H is a Hilber space

H is a Hilbert space 
a) Show that for a normal operator  A in L(H) applies that  $ker A = (im A)^{⊥} $ 
b) B: H $\rightarrow $  H linear with a property $\langle Bx, y \rangle = \langle hx, By\rangle$  for all x, proof that B is continuous


a) The way to show this is to show that if $A$ is normal that then $\ker(A)=\ker(A^*)$ holds and then to show that $\ker(A^*) = \mathrm{im}(A)^\perp$ always holds. For the first part note that
$$x\in  \ker(A) \iff \|Ax\|^2=0\iff\langle Ax,Ax\rangle =0$$
now for any $x\in H$:
$$\langle Ax,Ax\rangle  = \langle x , A^*Ax\rangle \overset*= \langle x, AA^*x\rangle = \langle A^*x,A^*x\rangle = \|A^*x\|^2$$
where $*$ uses that $A^*A=AA^*$, ie that $A$ is normal. So we find:
$$x\in \ker(A) \iff \langle Ax,Ax\rangle = 0 \iff \|A^*x\|^2=0\iff x\in \ker(A^*)$$
so $\ker(A)=\ker(A^*)$. Now we show $\ker(A^*)=\mathrm{im}(A)^\perp$. First we check $\ker(A^*)\subseteq \mathrm{im}(A)^\perp$, so let $x\in\ker(A^*)$ and $z=Ay\in\mathrm{im}(A)$, then:
$$\langle x, z\rangle = \langle x, Ay\rangle = \langle A^*x,y\rangle = 0$$
since $A^*x=0$. So for any $x\in \ker(A^*)$ you have for all $z\in \mathrm{im}(A)^\perp$ that $\langle x,z\rangle=0$ and as such $\ker(A^*)\subseteq \mathrm{im}(A)^\perp$. Next we check $\mathrm{im}(A)^\perp\subseteq \ker(A^*)$, here suppose $x\in \mathrm{im}(A)^\perp$ then:
$$\|A^*x\|^2=\langle A^*x,A^*x\rangle = \langle x,A(A^*x)\rangle = 0$$
since $A(A^*x)\in\mathrm{im}(A)$. Then necessarily $A^*x=0$ and $x\in\ker(A^*)$, giving $\mathrm{im}(A)^\perp\subseteq \ker(A^*)$.

So we have seen:

(b) This question is incomplete since its not clear what $h$ is. I think two situations are likely:
1. $h$ is a typo and should not appear in the question.
2. $h\in\Bbb K$ is some scalar.
Now if $h$ is a typo then you can "remove it" from the question by taking $h=1$ from point 2. As such I will simply assume that $h$ is some scalar in the base field and prove it for that case - if the question does not have any $h$ in it (ie the $h$ is a typo) then just take $h=1$ in what follows.
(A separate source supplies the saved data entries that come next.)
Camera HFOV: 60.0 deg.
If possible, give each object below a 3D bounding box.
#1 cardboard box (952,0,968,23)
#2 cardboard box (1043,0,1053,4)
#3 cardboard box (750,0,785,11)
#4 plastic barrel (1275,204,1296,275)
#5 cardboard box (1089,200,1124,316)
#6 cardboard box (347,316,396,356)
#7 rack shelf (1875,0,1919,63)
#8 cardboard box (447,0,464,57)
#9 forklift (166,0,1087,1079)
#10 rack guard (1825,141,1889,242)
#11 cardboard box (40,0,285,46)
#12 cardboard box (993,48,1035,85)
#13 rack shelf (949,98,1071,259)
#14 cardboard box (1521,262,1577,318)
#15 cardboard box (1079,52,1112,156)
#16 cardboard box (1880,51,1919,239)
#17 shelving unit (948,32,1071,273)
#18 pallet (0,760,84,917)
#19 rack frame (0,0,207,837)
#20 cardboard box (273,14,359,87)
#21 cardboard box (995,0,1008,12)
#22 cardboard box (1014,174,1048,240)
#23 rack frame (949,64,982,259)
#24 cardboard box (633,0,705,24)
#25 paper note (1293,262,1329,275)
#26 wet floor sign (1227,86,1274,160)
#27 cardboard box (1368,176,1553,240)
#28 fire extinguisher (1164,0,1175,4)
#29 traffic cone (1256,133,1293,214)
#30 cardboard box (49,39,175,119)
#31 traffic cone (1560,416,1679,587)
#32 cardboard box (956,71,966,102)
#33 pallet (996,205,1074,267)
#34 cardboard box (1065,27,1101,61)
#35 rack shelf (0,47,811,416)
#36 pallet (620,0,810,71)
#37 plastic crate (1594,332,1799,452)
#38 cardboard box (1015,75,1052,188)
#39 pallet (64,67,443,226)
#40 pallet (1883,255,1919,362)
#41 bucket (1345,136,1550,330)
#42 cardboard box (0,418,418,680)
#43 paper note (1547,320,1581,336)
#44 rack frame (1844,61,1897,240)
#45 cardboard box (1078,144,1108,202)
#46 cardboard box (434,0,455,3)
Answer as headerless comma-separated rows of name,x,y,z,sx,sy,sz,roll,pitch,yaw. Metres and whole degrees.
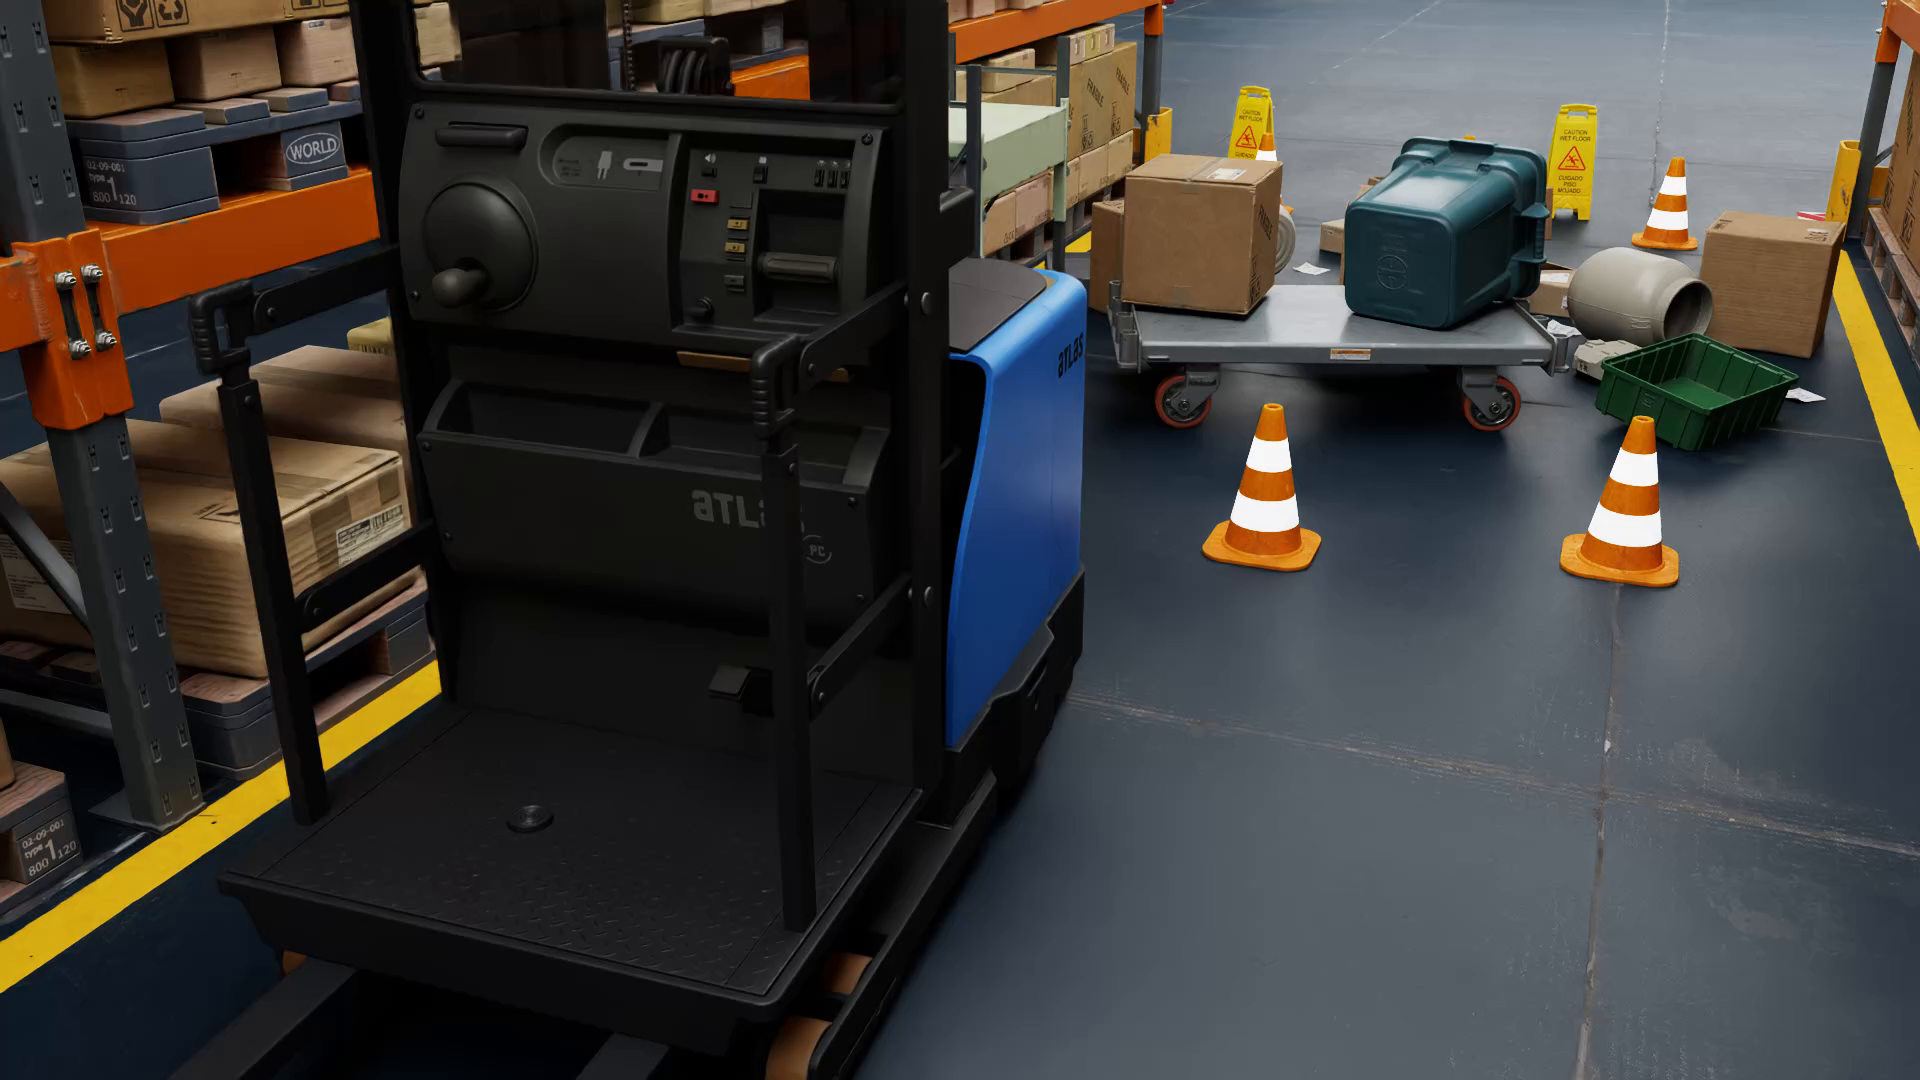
cardboard box,-0.186,-2.402,7.434,0.380,0.149,0.250,9,24,20
cardboard box,0.250,-2.755,8.280,0.380,0.149,0.250,9,24,20
cardboard box,-0.828,-1.918,5.732,0.380,0.149,0.250,8,24,19
plastic barrel,1.408,-1.540,8.388,0.421,0.421,0.512,-12,25,-26
cardboard box,0.945,-1.290,7.686,0.500,0.500,0.500,-12,25,-26
cardboard box,-1.429,-0.540,5.515,0.950,0.372,0.625,10,25,22
rack shelf,4.660,-1.965,6.995,1.077,0.370,4.000,9,24,20
cardboard box,-1.490,-1.370,4.419,0.380,0.149,0.250,10,25,23
forklift,-0.646,-0.539,2.737,1.130,2.935,3.031,8,24,18
rack guard,5.412,-1.867,9.072,1.175,0.500,0.348,9,24,20
cardboard box,-1.820,-1.327,3.475,0.500,0.500,0.500,8,24,19
cardboard box,0.142,-2.313,8.105,0.380,0.149,0.250,10,25,23
rack shelf,0.002,-1.055,4.816,0.431,0.370,0.720,9,24,20
cardboard box,2.845,-1.198,7.774,0.396,0.266,0.258,13,26,29
cardboard box,0.523,-2.445,9.260,0.500,0.500,0.500,10,25,22
cardboard box,5.212,-1.974,8.295,0.875,0.875,0.875,9,24,20
shelving unit,0.002,-0.694,4.967,0.431,1.500,0.755,9,24,20
pallet,-2.565,0.736,3.214,1.003,0.211,1.213,9,24,20
rack frame,-2.202,-0.822,3.326,1.000,3.000,0.127,9,24,20
cardboard box,-1.628,-1.177,3.958,0.380,0.149,0.250,7,24,17
cardboard box,0.009,-2.585,7.873,0.380,0.149,0.250,9,24,20
cardboard box,0.136,-1.734,8.532,0.500,0.250,0.500,8,24,19
rack frame,-0.133,-0.563,4.653,0.400,1.500,0.023,9,24,20
cardboard box,-1.044,-1.745,5.316,0.380,0.149,0.250,9,24,20
paper note,1.812,-1.404,8.586,0.148,0.019,0.142,19,29,38
wet floor sign,1.833,-2.513,10.430,0.267,0.644,0.232,19,29,38
cardboard box,2.468,-1.542,8.288,0.797,0.503,0.637,-7,24,-17
fire extinguisher,1.240,-3.624,10.135,0.296,0.674,0.183,9,24,20
traffic cone,1.807,-2.176,9.858,0.336,0.463,0.334,9,24,20
cardboard box,-1.909,-0.990,3.508,0.380,0.149,0.250,7,24,17
traffic cone,2.017,-0.147,5.001,0.336,0.463,0.334,9,24,20
cardboard box,-0.144,-2.032,7.432,0.380,0.149,0.250,9,24,21
pallet,-0.048,-1.650,8.927,1.003,0.211,1.213,9,24,20
cardboard box,0.544,-2.701,9.032,0.380,0.149,0.250,9,24,21
rack shelf,-1.459,-1.206,5.178,1.077,0.370,4.000,9,24,20
pallet,-1.135,-1.912,6.185,1.003,0.211,1.213,9,24,20
plastic crate,2.765,-0.560,6.272,0.662,0.188,0.450,-17,38,-35
cardboard box,0.136,-2.075,8.377,0.500,0.500,0.500,10,25,23
pallet,-2.036,-1.004,4.010,1.213,0.211,1.003,9,24,20
pallet,4.724,-0.993,7.354,1.003,0.211,1.213,9,24,20
bucket,1.827,-1.151,6.388,0.726,0.611,0.620,19,39,38
cardboard box,-1.983,-0.004,4.232,0.950,0.372,0.625,7,24,16
paper note,2.722,-0.955,7.507,0.172,0.023,0.155,19,29,38
rack frame,5.403,-3.012,8.570,1.000,3.000,0.127,9,24,20
cardboard box,0.519,-2.098,9.403,0.500,0.250,0.500,9,24,20
cardboard box,-1.442,-1.706,4.381,0.500,0.500,0.500,9,24,21
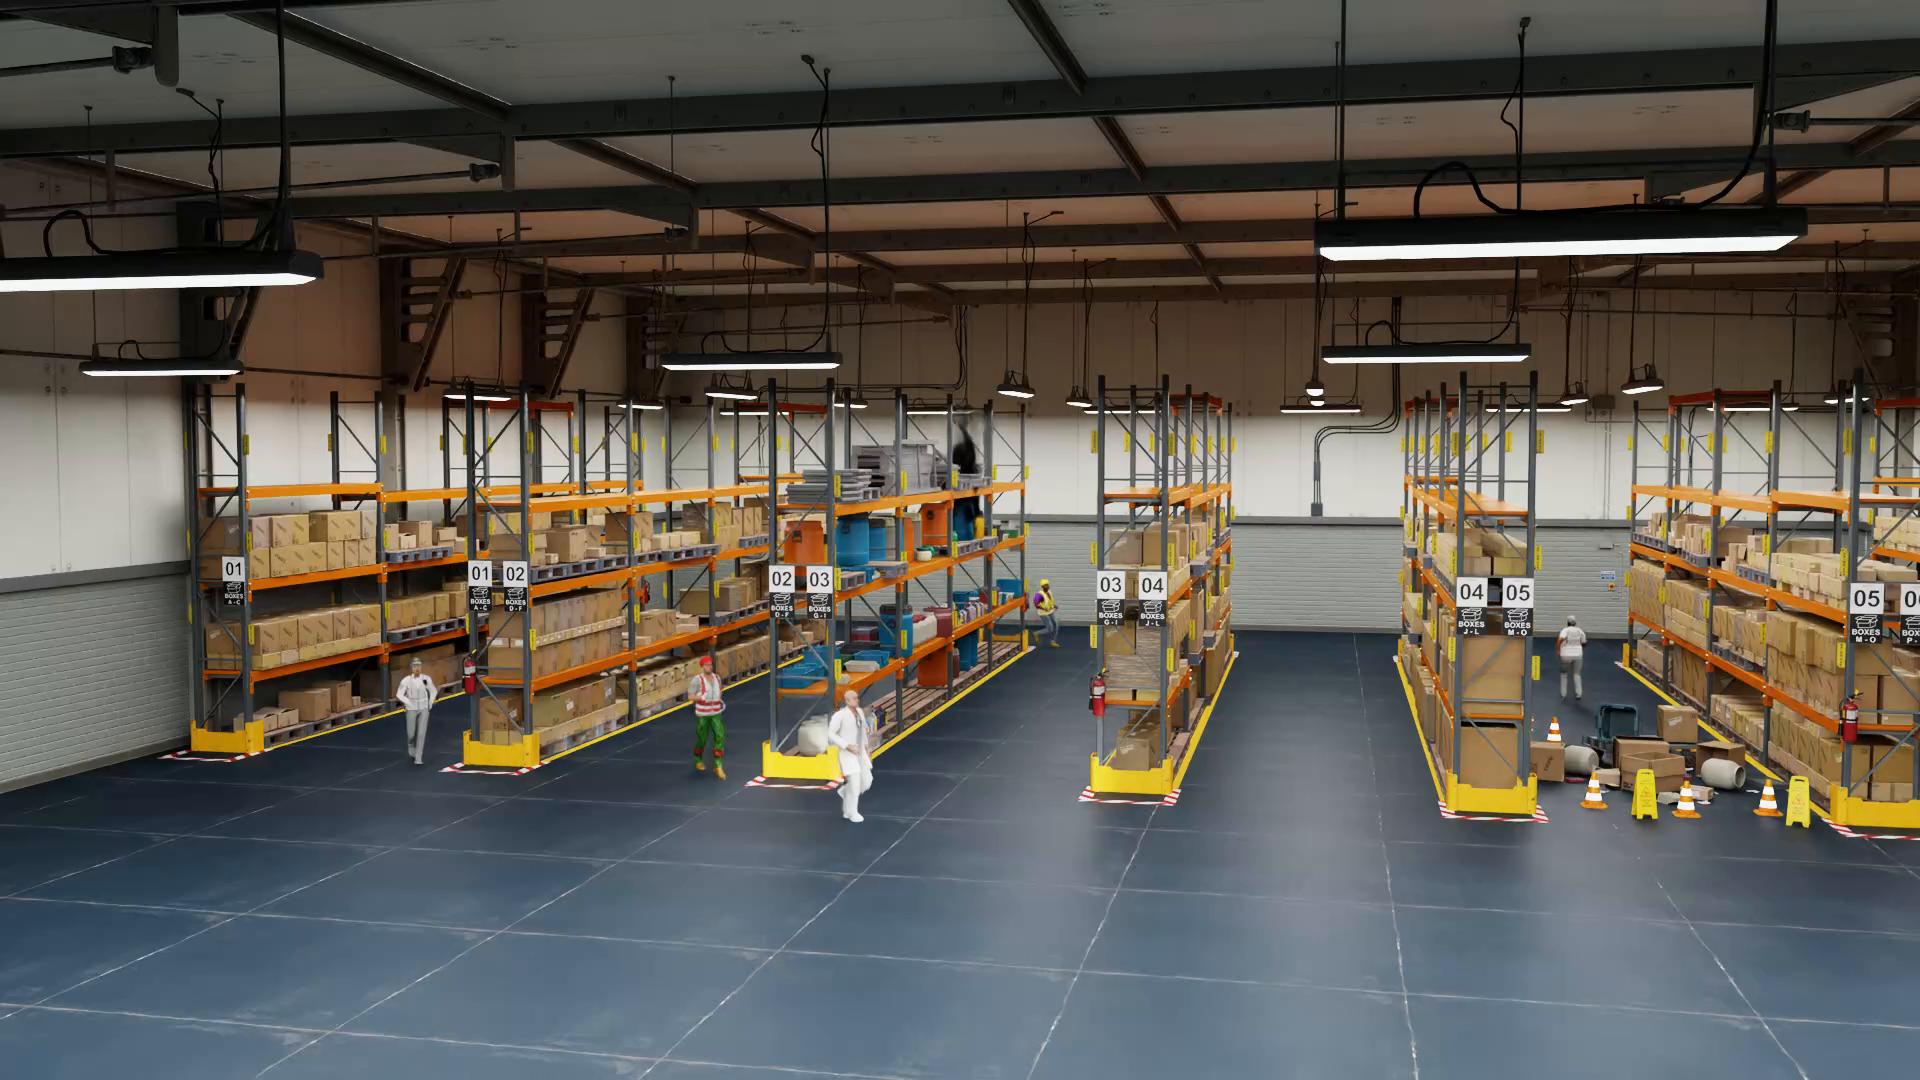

We will use the closed graph theorem, ie we will show that if $x_n\in H$ is a sequence so that $x_n\to x$ and $B x_n\to z$ for some $x,z\in H$ then $Bx=z$. This means that the graph of $B$ is closed - since $B$ has domain $H$ (ie a Banach space) the closed graph theorem gives that $B$ must be a bounded operator.

So let $y\in H$, one has:
$$\lim_n\langle B x_n,y\rangle = \langle \lim_n B x_n, y\rangle = \langle z,y\rangle$$
and also
$$\lim_n \langle B x_n, y\rangle = \lim_n \langle h x_n,By\rangle =\langle \lim_n hx_n,By\rangle = \langle hx,By\rangle = \langle Bx,y\rangle$$
so for all $y\in H$ one has $\langle Bx,y\rangle = \langle z,y\rangle$, ie
$$0=\langle Bx,y\rangle-\langle z,y\rangle = \langle Bx -z ,y\rangle$$
and then for $y=Bx-z$ you get
$$0=\langle Bx-z,Bx-z\rangle = \|Bx-z\|^2$$
and $Bx=z$. By the discussion above this verifies that $B$ has closed graph and since $B$ has domain all of $H$ we get that $B$ is bounded.

The answer is accepted.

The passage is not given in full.